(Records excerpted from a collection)

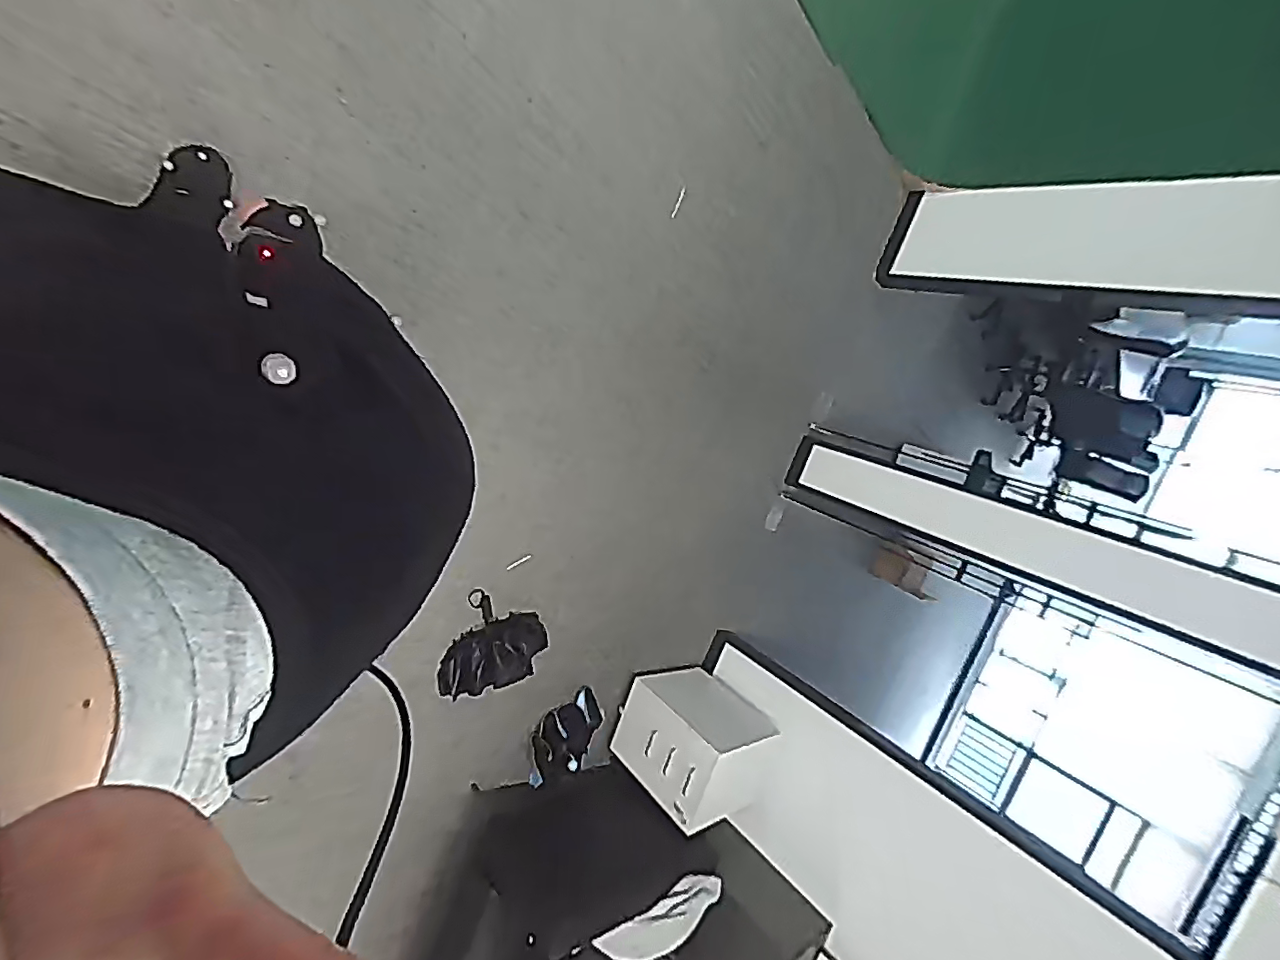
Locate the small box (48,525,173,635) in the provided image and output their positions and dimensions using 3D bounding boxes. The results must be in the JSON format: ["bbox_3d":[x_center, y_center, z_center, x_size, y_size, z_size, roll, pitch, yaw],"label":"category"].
[{"bbox_3d":[-1.146,0.215,1.177,0.168,0.176,0.179,13,99,-47],"label":"small box"}]
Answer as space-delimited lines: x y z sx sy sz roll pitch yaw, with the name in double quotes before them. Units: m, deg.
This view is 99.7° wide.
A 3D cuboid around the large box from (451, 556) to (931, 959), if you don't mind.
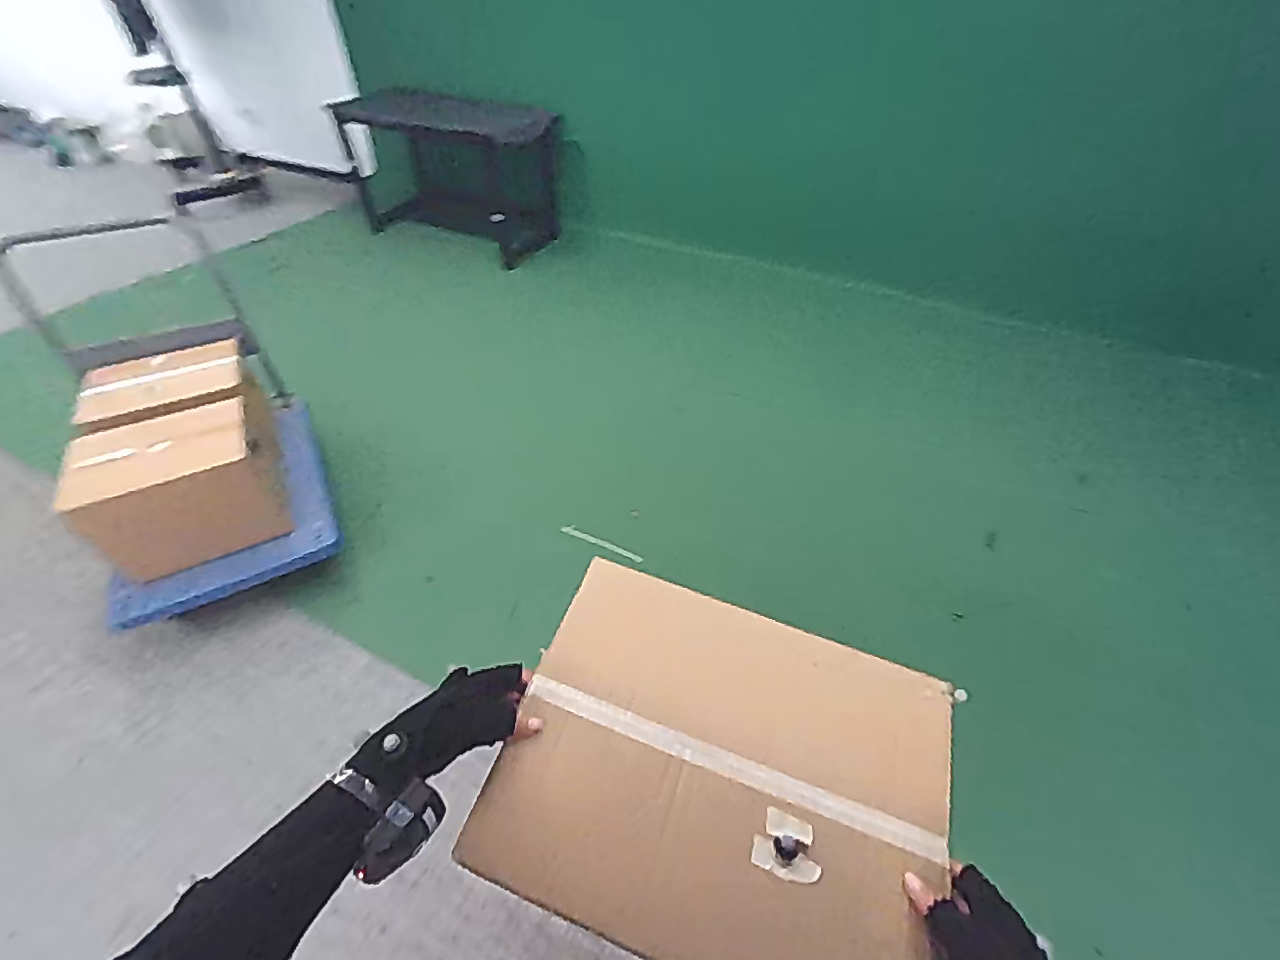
"large box" 0.062 0.346 0.633 0.408 0.320 0.320 18 54 9
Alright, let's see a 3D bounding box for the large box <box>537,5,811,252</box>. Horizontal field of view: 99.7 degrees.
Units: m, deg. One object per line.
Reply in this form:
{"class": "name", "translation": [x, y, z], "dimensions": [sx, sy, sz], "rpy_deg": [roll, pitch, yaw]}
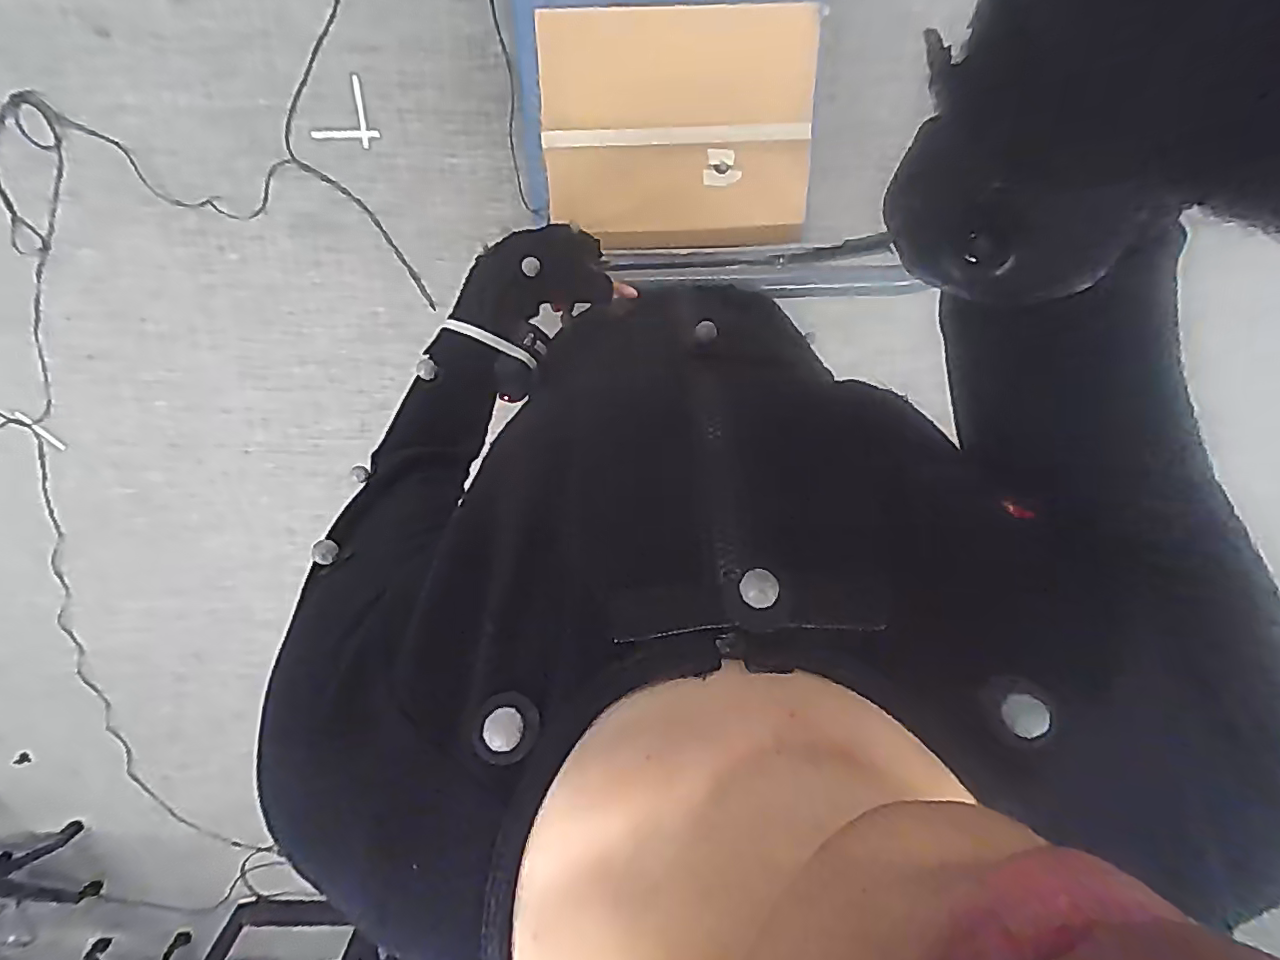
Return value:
{"class": "large box", "translation": [0.050, -0.588, 0.970], "dimensions": [0.408, 0.320, 0.320], "rpy_deg": [-2, 113, -1]}
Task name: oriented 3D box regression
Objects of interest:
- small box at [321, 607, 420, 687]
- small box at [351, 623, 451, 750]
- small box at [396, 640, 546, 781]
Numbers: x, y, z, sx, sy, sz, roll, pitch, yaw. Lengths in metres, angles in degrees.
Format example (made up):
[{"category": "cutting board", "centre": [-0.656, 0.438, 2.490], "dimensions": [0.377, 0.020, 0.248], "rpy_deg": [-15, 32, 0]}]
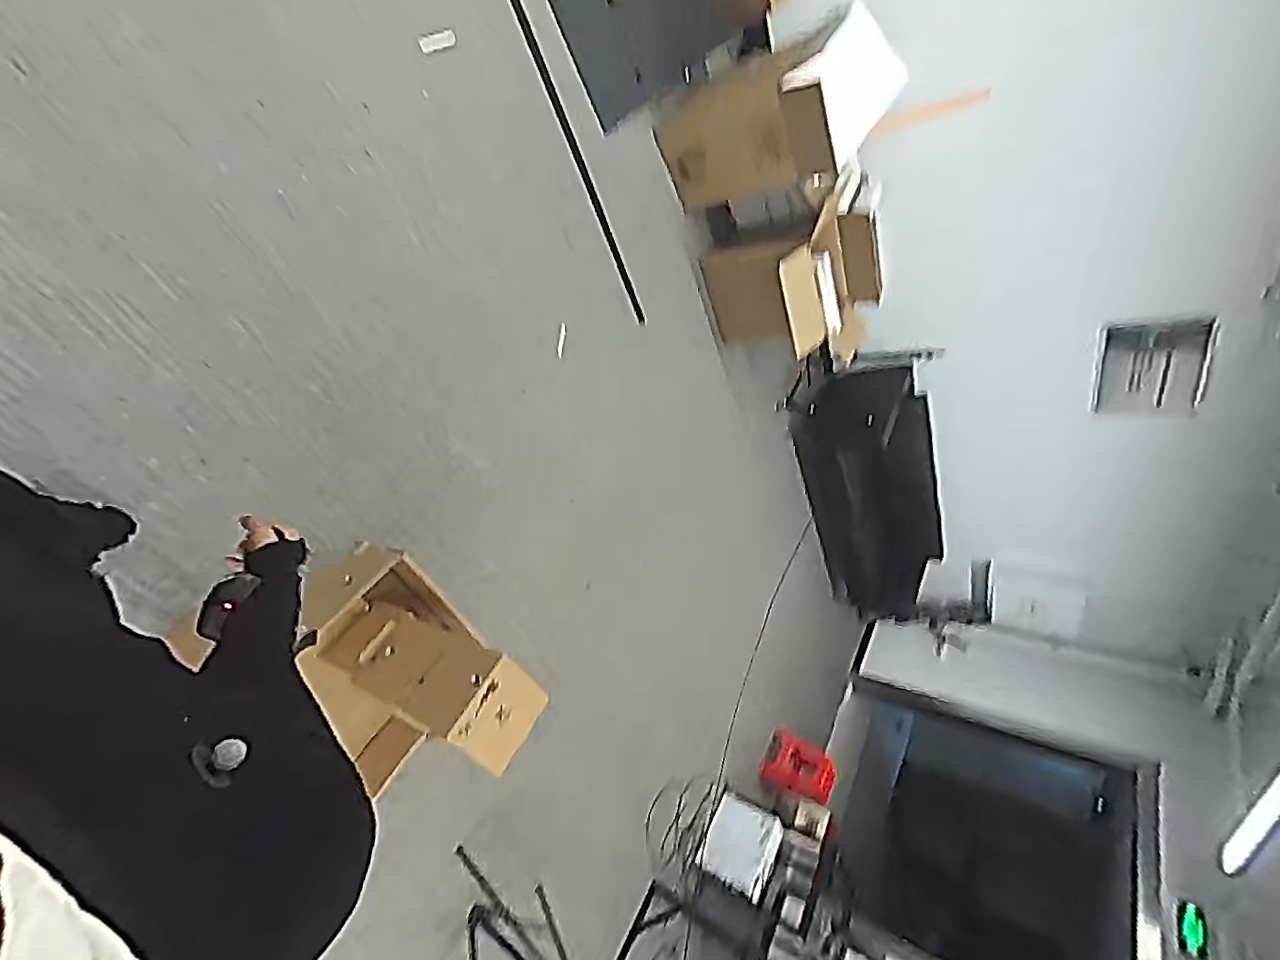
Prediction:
[{"category": "small box", "centre": [-0.583, 0.410, 1.240], "dimensions": [0.168, 0.176, 0.179], "rpy_deg": [-54, 135, -34]}, {"category": "small box", "centre": [-0.457, 0.425, 1.135], "dimensions": [0.168, 0.176, 0.179], "rpy_deg": [-56, 134, -33]}, {"category": "small box", "centre": [-0.322, 0.434, 1.040], "dimensions": [0.168, 0.176, 0.179], "rpy_deg": [-56, 136, -33]}]

> _How to complete this task_:
An exact copy of each entry is required, minus the pictures.

> _Solved exercise_:
Locate the small box (48,525,173,635) in the provided image and output their positions and dimensions using 3D bounding boxes. The results must be in the JSON format: ["bbox_3d":[x_center, y_center, z_center, x_size, y_size, z_size, roll, pitch, yaw],"label":"category"].
[{"bbox_3d":[-1.146,0.215,1.177,0.168,0.176,0.179,13,99,-47],"label":"small box"}]
Answer as space-delimited lines: x y z sx sy sz roll pitch yaw, with the name in double quotes before them. Units: m, deg.
This view is 99.7° wide.
A 3D cuboid around the large box from (451, 556) to (931, 959), if you don't mind.
"large box" 0.062 0.346 0.633 0.408 0.320 0.320 18 54 9
Alright, let's see a 3D bounding box for the large box <box>537,5,811,252</box>. Horizontal field of view: 99.7 degrees.
Units: m, deg. One object per line.
Reply in this form:
{"class": "name", "translation": [x, y, z], "dimensions": [sx, sy, sz], "rpy_deg": [roll, pitch, yaw]}
Return value:
{"class": "large box", "translation": [0.050, -0.588, 0.970], "dimensions": [0.408, 0.320, 0.320], "rpy_deg": [-2, 113, -1]}
Task name: oriented 3D box regression
Objects of interest:
- small box at [321, 607, 420, 687]
- small box at [351, 623, 451, 750]
- small box at [396, 640, 546, 781]
Numbers: x, y, z, sx, sy, sz, roll, pitch, yaw. Lengths in metres, angles in degrees.
Format example (made up):
[{"category": "cutting board", "centre": [-0.656, 0.438, 2.490], "dimensions": [0.377, 0.020, 0.248], "rpy_deg": [-15, 32, 0]}]
Prediction:
[{"category": "small box", "centre": [-0.583, 0.410, 1.240], "dimensions": [0.168, 0.176, 0.179], "rpy_deg": [-54, 135, -34]}, {"category": "small box", "centre": [-0.457, 0.425, 1.135], "dimensions": [0.168, 0.176, 0.179], "rpy_deg": [-56, 134, -33]}, {"category": "small box", "centre": [-0.322, 0.434, 1.040], "dimensions": [0.168, 0.176, 0.179], "rpy_deg": [-56, 136, -33]}]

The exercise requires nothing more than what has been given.